**WORK ORDER**
When the string "units" is part of a line in the data below, report the whole line.

**TASK DATA**
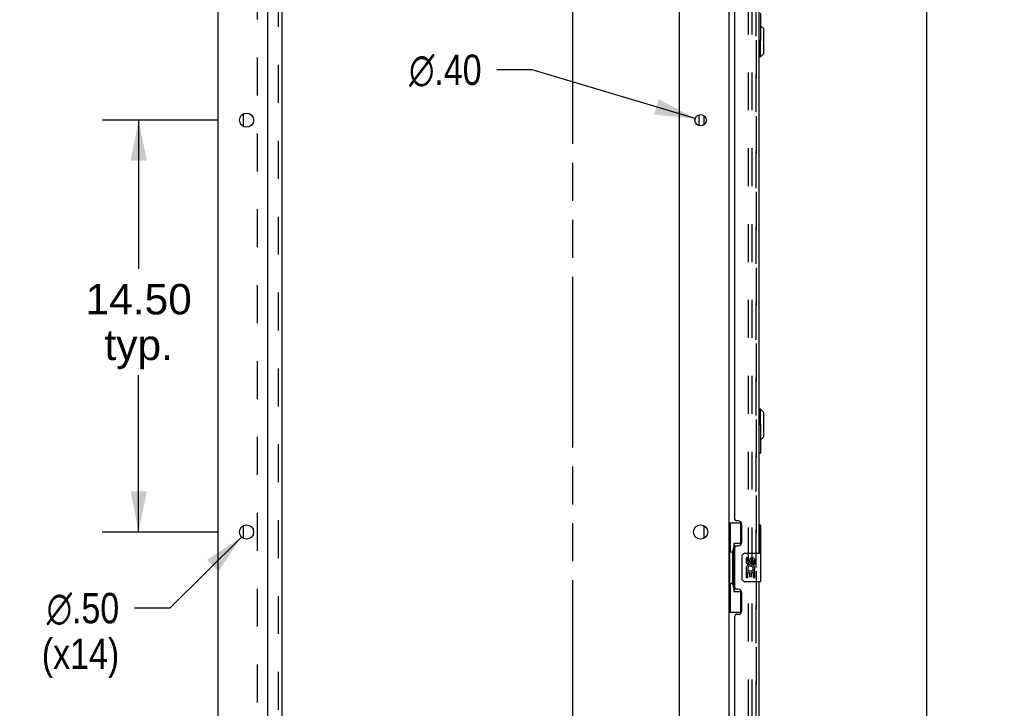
# Model space of a CAD drawing. Header units: inches. Extents: x 0 to 243, y 0 to 157.
# Tile 6 of 27: x 24 to 59, y 97 to 122. Entities that reach past the tile are written whole.
import ezdxf

# ---------------------------------------------------------------- set-up
doc = ezdxf.new("R2010")
doc.units = ezdxf.units.IN
doc.header["$LTSCALE"] = 13.357143
doc.header["$MEASUREMENT"] = 0
doc.linetypes.add('HIDDEN', pattern=[0.2, 0.1, -0.1])
doc.linetypes.add('PHANTOM', pattern=[0.8, 0.45, -0.05, 0.1, -0.05, 0.1, -0.05])
doc.layers.get('0').update_dxf_attribs({"linetype": 'CONTINUOUS'})
for name, color, linetype in [('DEFAULT_2', 8, 'HIDDEN'), ('DIMENSIONS', 7, 'CONTINUOUS'), ('DOOR_2_ASSEMBLY', 7, 'CONTINUOUS'), ('DOOR_3_ASSEMBLY', 7, 'CONTINUOUS'), ('EXR_DOOR_ASSEMBLY', 7, 'CONTINUOUS'), ('MAIN_DOOR_ASSEMBLY', 7, 'CONTINUOUS'), ('SUBPANELS', 7, 'CONTINUOUS')]:
    doc.layers.add(name, color=color, linetype=linetype)
doc.styles.get("Standard").update_dxf_attribs({"font": 'arial.ttf'})
doc.styles.add('TEXTSTYLE_1', font='gdt', dxfattribs={"width": 0.8})
doc.dimstyles.new('DIMSTYLE_1', dxfattribs={"dimtxt": 1.071429, "dimasz": 1.428571, "dimexe": 0.09, "dimexo": 0.07, "dimgap": 0.0375, "dimtad": 0, "dimtih": 1, "dimtoh": 1, "dimzin": 4, "dimdsep": 46, "dimtxsty": 'Standard', "dimblk": '_FILLED', "dimblk1": '_FILLED', "dimblk2": '_FILLED', "dimcen": 0.09, "dimazin": 1, "dimtfac": 1, "dimtdec": 3, "dimtofl": 0, "dimtmove": 0, "dimatfit": 3, "dimldrblk": '_FILLED', "dimfxl": 0, "dimtolj": 1, "dimtzin": 4, "dimarcsym": 0})
doc.dimstyles.new('DIMSTYLE_2', dxfattribs={"dimtxt": 1.071429, "dimasz": 1.428571, "dimexe": 0.09, "dimexo": 0.07, "dimgap": 0.09, "dimtad": 0, "dimtih": 1, "dimtoh": 1, "dimzin": 4, "dimdsep": 46, "dimtxsty": 'Standard', "dimblk": '_FILLED', "dimblk1": '_FILLED', "dimblk2": '_FILLED', "dimcen": 0.09, "dimazin": 1, "dimtfac": 1, "dimtdec": 3, "dimtofl": 0, "dimtmove": 0, "dimatfit": 1, "dimldrblk": '_FILLED', "dimfxl": 0, "dimtolj": 1, "dimtzin": 4, "dimarcsym": 0})

# ---------------------------------------------------------------- blocks, each defined once
blk = doc.blocks.new('_FILLED')
at = {"color": 0, "linetype": 'ByBlock'}
blk.add_solid([(0, 0), (-1, 0.2), (-1, -0.2)], dxfattribs=at)
blk = doc.blocks.new('*D11')
at = {"layer": 'DIMENSIONS', "color": 2, "linetype": 'Continuous'}
for p, q in [((51.022, 131.85), (57.459, 131.85)), ((56.173, 131.85), (56.173, 93.56)), ((56.173, 51.35), (56.173, 89.81)), ((51.022, 51.35), (57.459, 51.35))]:
    blk.add_line(p, q, dxfattribs=at)
at = {"layer": 'DIMENSIONS', "color": 2, "linetype": 'Continuous', "xscale": 1.4285714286, "yscale": 1.4285714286, "zscale": 1.4285714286}
for p, rotation in [((56.173, 131.85), 90), ((56.173, 51.35), 270)]:
    blk.add_blockref('_FILLED', p, dxfattribs=dict(at, rotation=rotation))
at = {"layer": 'DIMENSIONS', "color": 2, "linetype": 'Continuous', "insert": (56.173, 93.024), "char_height": 1.0714, "width": 5.48062, "attachment_point": 2, "line_spacing_factor": 0.9}
blk.add_mtext('80.50\\PDOORS', dxfattribs=at)
blk = doc.blocks.new('*D29')
at = {"layer": 'DIMENSIONS', "color": 2, "linetype": 'Continuous'}
for p, q in [((31.211, 118.1), (27.123, 118.1)), ((28.409, 118.1), (28.409, 112.869)), ((28.409, 103.6), (28.409, 109.119)), ((31.211, 103.6), (27.123, 103.6))]:
    blk.add_line(p, q, dxfattribs=at)
at = {"layer": 'DIMENSIONS', "color": 2, "linetype": 'Continuous', "xscale": 1.4285714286, "yscale": 1.4285714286, "zscale": 1.4285714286}
for p, rotation in [((28.409, 118.1), 90), ((28.409, 103.6), 270)]:
    blk.add_blockref('_FILLED', p, dxfattribs=dict(at, rotation=rotation))
at = {"layer": 'DIMENSIONS', "color": 2, "linetype": 'Continuous', "insert": (28.409, 112.334), "char_height": 1.0714, "width": 3.74403, "attachment_point": 2, "line_spacing_factor": 0.9}
blk.add_mtext('14.50\\Ptyp.', dxfattribs=at)
blk = doc.blocks.new('*D30')
at = {"layer": 'DIMENSIONS', "color": 2, "linetype": 'Continuous'}
for p, q in [((32.033, 103.424), (29.51, 100.921)), ((29.51, 100.921), (28.26, 100.921))]:
    blk.add_line(p, q, dxfattribs=at)
at = {"layer": 'DIMENSIONS', "color": 2, "linetype": 'Continuous', "xscale": 1.4285714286, "yscale": 1.4285714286, "zscale": 1.4285714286, "rotation": 44.7696033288}
blk.add_blockref('_FILLED', (32.033, 103.424), dxfattribs=at)
at = {"layer": 'DIMENSIONS', "color": 2, "linetype": 'Continuous', "insert": (27.724, 101.457), "char_height": 1.07143, "width": 3.5077, "attachment_point": 3, "line_spacing_factor": 0.9, "style": 'TEXTSTYLE_1'}
blk.add_mtext('{\\fgdt;n}\\fArial;.50\\P(x14)', dxfattribs=at)
blk = doc.blocks.new('*D31')
at = {"layer": 'DIMENSIONS', "color": 2, "linetype": 'Continuous'}
for p, q in [((42.279, 119.875), (41.029, 119.875)), ((48.022, 118.157), (42.279, 119.875))]:
    blk.add_line(p, q, dxfattribs=at)
at = {"layer": 'DIMENSIONS', "color": 2, "linetype": 'Continuous', "xscale": 1.4285714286, "yscale": 1.4285714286, "zscale": 1.4285714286, "rotation": 343.3370138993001}
blk.add_blockref('_FILLED', (48.022, 118.157), dxfattribs=at)
at = {"layer": 'DIMENSIONS', "color": 2, "linetype": 'Continuous', "insert": (40.494, 120.411), "char_height": 1.07143, "width": 3.5077, "attachment_point": 3, "line_spacing_factor": 0.9, "style": 'TEXTSTYLE_1'}
blk.add_mtext('{\\fgdt;n}\\fArial;.40', dxfattribs=at)

msp = doc.modelspace()

# ---------------------------------------------------------------- linework, layer by layer
at = {"color": 7, "linetype": 'PHANTOM'}
msp.add_line((43.711, 42.463), (43.711, 137.796), dxfattribs=at)
at = {"color": 7, "linetype": 'Continuous'}
for p, q in [((31.211, 44.725), (31.211, 134.475)), ((49.211, 131.319), (49.211, 51.881)), ((32.961, 46.725), (32.961, 131.1)), ((47.461, 131.1), (47.461, 46.725)), ((48.155, 117.911), (48.16, 118.291)), ((48.336, 117.947), (48.336, 118.253)), ((48.336, 103.384), (48.336, 103.817))]:
    msp.add_line(p, q, dxfattribs=at)
at = {"color": 3, "linetype": 'Continuous'}
for p, q in [((32.086, 118.317), (32.086, 117.884)), ((32.086, 103.817), (32.086, 103.384))]:
    msp.add_line(p, q, dxfattribs=at)
at = {"color": 7, "linetype": 'Continuous'}
for centre, radius in [((32.211, 118.1), 0.25), ((48.211, 118.1), 0.198), ((32.211, 103.6), 0.25), ((48.211, 103.6), 0.25)]:
    msp.add_circle(centre, radius, dxfattribs=at)
at = {"layer": 'DEFAULT_2', "color": 8, "linetype": 'HIDDEN'}
for p, q in [((49.898, 51.663), (49.898, 131.538)), ((50.023, 51.663), (50.023, 131.538))]:
    msp.add_line(p, q, dxfattribs=at)
at = {"layer": 'DOOR_2_ASSEMBLY', "color": 7, "linetype": 'Continuous'}
for p, q in [((50.269, 103.85), (50.293, 103.85)), ((50.308, 102.865), (50.308, 103.835))]:
    msp.add_line(p, q, dxfattribs=at)
for centre, start, end in [((50.293, 103.835), 0, 90), ((50.293, 102.865), 270, 360)]:
    msp.add_arc(centre, 0.015, start, end, dxfattribs=at)
at = {"layer": 'DOOR_3_ASSEMBLY', "color": 8, "linetype": 'HIDDEN'}
msp.add_line((50.165, 51.597), (50.165, 131.604), dxfattribs=at)
at = {"layer": 'DOOR_3_ASSEMBLY', "color": 3, "linetype": 'Continuous'}
for p, q in [((50.269, 126.35), (50.269, 102.85)), ((49.415, 104.058), (49.415, 125.143)), ((49.535, 103.998), (49.475, 103.998)), ((49.665, 103.248), (49.665, 103.868)), ((49.415, 101.643), (49.415, 103.058)), ((49.475, 103.118), (49.535, 103.118)), ((50.269, 101.85), (50.269, 81.35)), ((49.535, 101.583), (49.475, 101.583)), ((49.665, 100.833), (49.665, 101.453)), ((49.415, 82.558), (49.415, 100.643)), ((49.475, 100.703), (49.535, 100.703))]:
    msp.add_line(p, q, dxfattribs=at)
at = {"layer": 'DOOR_3_ASSEMBLY', "color": 7, "linetype": 'Continuous'}
for p, q in [((49.211, 103.925), (49.651, 103.925)), ((49.25, 103.925), (49.25, 102.9)), ((49.615, 103.925), (49.615, 103.145)), ((49.388, 103.19), (49.388, 101.51)), ((49.615, 103.19), (49.388, 103.19)), ((49.228, 102.9), (49.228, 101.8)), ((49.228, 102.9), (49.351, 102.9)), ((49.351, 102.93), (49.351, 102.951)), ((49.351, 101.8), (49.351, 102.9)), ((49.674, 101.95), (49.674, 102.75)), ((49.774, 102.85), (50.314, 102.85)), ((50.329, 101.865), (50.329, 102.835)), ((49.811, 102.696), (49.811, 102.56)), ((49.874, 102.696), (49.811, 102.696)), ((49.874, 102.56), (49.874, 102.696)), ((49.939, 102.622), (49.94, 102.553)), ((50, 102.56), (50, 102.602)), ((50.063, 102.602), (50.063, 102.465)), ((50.063, 102.465), (50.126, 102.465)), ((50.126, 102.465), (50.126, 102.602)), ((49.811, 102.235), (49.811, 102.004)), ((49.83, 102.235), (49.811, 102.235)), ((49.864, 102.235), (49.892, 102.254)), ((49.864, 102.235), (50.126, 102.235)), ((49.874, 102.004), (49.874, 102.172)), ((49.874, 102.172), (49.94, 102.172)), ((49.94, 102.172), (49.94, 102.036)), ((49.94, 102.036), (50, 102.036)), ((50, 102.036), (50, 102.172)), ((50, 102.172), (50.063, 102.172)), ((50.055, 102.271), (50.113, 102.246)), ((50.063, 102.172), (50.063, 102.004)), ((50.126, 102.004), (50.126, 102.235)), ((49.228, 101.8), (49.351, 101.8)), ((49.25, 101.8), (49.25, 100.775)), ((49.351, 101.749), (49.351, 101.77)), ((50.314, 101.85), (49.774, 101.85)), ((49.811, 102.004), (49.874, 102.004)), ((50.063, 102.004), (50.126, 102.004)), ((49.388, 101.51), (49.615, 101.51)), ((49.615, 101.555), (49.615, 100.775)), ((49.211, 100.775), (49.651, 100.775))]:
    msp.add_line(p, q, dxfattribs=at)
for points in [[(49.388, 103.166), (49.388, 103.163), (49.389, 103.159), (49.389, 103.155), (49.391, 103.151), (49.392, 103.146), (49.394, 103.141), (49.397, 103.136), (49.4, 103.13), (49.403, 103.123), (49.407, 103.116), (49.411, 103.109), (49.416, 103.101), (49.422, 103.093), (49.424, 103.089)], [(49.674, 102.75), (49.674, 102.756), (49.675, 102.763), (49.676, 102.769), (49.677, 102.775), (49.679, 102.781), (49.681, 102.786)], [(49.681, 101.914), (49.679, 101.92), (49.677, 101.925), (49.676, 101.931), (49.675, 101.938), (49.674, 101.944), (49.674, 101.95)], [(49.424, 101.611), (49.422, 101.607), (49.416, 101.599), (49.411, 101.591), (49.407, 101.584), (49.403, 101.577), (49.4, 101.571), (49.397, 101.565), (49.394, 101.559), (49.392, 101.554), (49.391, 101.549), (49.389, 101.545), (49.389, 101.541), (49.388, 101.537), (49.388, 101.534)]]:
    msp.add_lwpolyline(points, dxfattribs=at)
at = {"layer": 'DOOR_3_ASSEMBLY', "color": 3, "linetype": 'Continuous'}
for centre, radius, start, end in [((49.475, 104.058), 0.06, 180, 270), ((49.535, 103.868), 0.13, 0, 90), ((49.475, 103.058), 0.06, 90, 180), ((49.535, 103.248), 0.13, 270, 360), ((49.475, 101.643), 0.06, 180, 270), ((49.535, 101.453), 0.13, 0, 90), ((49.475, 100.643), 0.06, 90, 180), ((49.535, 100.833), 0.13, 270, 360)]:
    msp.add_arc(centre, radius, start, end, dxfattribs=at)
at = {"layer": 'DOOR_3_ASSEMBLY', "color": 7, "linetype": 'Continuous'}
for centre, radius, start, end in [((49.774, 102.75), 0.1, 90, 158.7946), ((50.314, 102.835), 0.015, 0, 90), ((49.906, 102.56), 0.0943, 180, 360), ((49.965, 102.308), 0.154, 161.4199, 206.1963), ((49.969, 102.308), 0.157, 336.5966, 161.8791), ((49.906, 102.56), 0.0314, 180, 261.2295), ((49.969, 102.308), 0.0943, 336.5966, 215.1122), ((49.905, 102.564), 0.0362, 263.4285, 341.7628), ((50.032, 102.602), 0.0943, 68.6999, 167.4338), ((50.032, 102.602), 0.0314, 0, 180.0485), ((50.032, 102.602), 0.0943, 0, 68.6704), ((49.969, 102.308), 0.157, 205.737, 207.8532), ((49.774, 101.95), 0.1, 201.205, 270), ((50.314, 101.865), 0.015, 270, 360)]:
    msp.add_arc(centre, radius, start, end, dxfattribs=at)
for centre, start_param, end_param in [((49.455, 102.941), 0.699287, 1.51401), ((49.455, 102.941), -4.655602, -3.84088), ((49.455, 101.76), 0.699287, 1.51401), ((49.455, 101.76), -4.655602, -3.84088)]:
    msp.add_ellipse(centre, major_axis=(0, 0.18), ratio=0.579493, start_param=start_param, end_param=end_param, dxfattribs=at)
at = {"layer": 'EXR_DOOR_ASSEMBLY', "color": 7, "linetype": 'Continuous'}
for p, q in [((50.339, 120.895), (50.339, 121.865)), ((50.436, 121.313), (50.339, 121.411)), ((50.436, 120.447), (50.436, 121.313)), ((50.324, 120.88), (50.269, 120.88)), ((50.318, 120.329), (50.318, 120.88)), ((50.436, 120.447), (50.318, 120.329)), ((50.318, 120.329), (50.279, 120.329)), ((50.318, 107.931), (50.279, 107.931)), ((50.318, 107.38), (50.318, 107.931)), ((50.436, 107.813), (50.318, 107.931)), ((50.436, 106.947), (50.436, 107.813)), ((50.269, 107.38), (50.324, 107.38)), ((50.339, 106.395), (50.339, 107.365)), ((50.436, 106.947), (50.339, 106.849)), ((50.324, 106.38), (50.269, 106.38))]:
    msp.add_line(p, q, dxfattribs=at)
at = {"layer": 'EXR_DOOR_ASSEMBLY', "color": 3, "linetype": 'Continuous'}
for p, q in [((50.279, 107.38), (50.279, 120.88)), ((50.279, 103.85), (50.279, 106.38))]:
    msp.add_line(p, q, dxfattribs=at)
at = {"layer": 'EXR_DOOR_ASSEMBLY', "color": 7, "linetype": 'Continuous'}
for centre, start, end in [((50.324, 120.895), 270, 360), ((50.324, 107.365), 0, 90), ((50.324, 106.395), 270, 360)]:
    msp.add_arc(centre, 0.015, start, end, dxfattribs=at)
at = {"layer": 'MAIN_DOOR_ASSEMBLY', "color": 8, "linetype": 'HIDDEN'}
msp.add_line((50.165, 131.604), (50.165, 51.597), dxfattribs=at)
at = {"layer": 'MAIN_DOOR_ASSEMBLY', "color": 7, "linetype": 'Continuous'}
for p, q in [((50.293, 103.85), (50.314, 103.85)), ((50.329, 102.865), (50.329, 103.835))]:
    msp.add_line(p, q, dxfattribs=at)
for centre, start, end in [((50.314, 103.835), 0, 90), ((50.314, 102.865), 270, 360)]:
    msp.add_arc(centre, 0.015, start, end, dxfattribs=at)
at = {"layer": 'SUBPANELS', "color": 3, "linetype": 'Continuous'}
msp.add_line((33.461, 52.756), (33.461, 130.444), dxfattribs=at)
at = {"layer": 'SUBPANELS', "color": 8, "linetype": 'HIDDEN'}
for p, q in [((33.336, 54.596), (33.336, 128.604)), ((32.586, 128.319), (32.586, 54.881))]:
    msp.add_line(p, q, dxfattribs=at)

# ---------------------------------------------------------------- dimensions: what is measured, and where the dimension line sits
at = {"layer": 'DIMENSIONS', "color": 2, "linetype": 'Continuous'}
for base, p1, p2, angle, text, picture, middle in [((56.173, 131.85), (50.952, 51.35), (50.952, 131.85), 90, '<>\\PDOORS', '*D11', (56.173, 91.685)), ((28.409, 103.6), (31.281, 118.1), (31.281, 103.6), 270, '<>\\Ptyp.', '*D29', (28.409, 110.994))]:
    dim = msp.add_linear_dim(base=base, p1=p1, p2=p2, angle=angle, text=text, dimstyle='DIMSTYLE_1', dxfattribs=at)
    dim.commit()
    dim.dimension.update_dxf_attribs({"geometry": picture, "text_midpoint": middle, "dimtype": 160})
for p1, p2, text, picture, middle in [((48.022, 118.157), (48.4, 118.043), '%%c<>', '*D31', (38.74, 119.875)), ((32.033, 103.424), (32.388, 103.776), '%%c<>\\P(x14)', '*D30', (25.97, 100.117))]:
    dim = msp.add_diameter_dim_2p(p1=p1, p2=p2, text=text, dimstyle='DIMSTYLE_2', override={"dimpost": '<>'}, dxfattribs=at)
    dim.commit()
    dim.dimension.update_dxf_attribs({"geometry": picture, "text_midpoint": middle, "dimtype": 163})

doc.saveas('drawing.dxf')

**ANSWER SECTION**
# Model space of a CAD drawing. Header units: inches. Extents: x 0 to 243, y 0 to 157.
doc.units = ezdxf.units.IN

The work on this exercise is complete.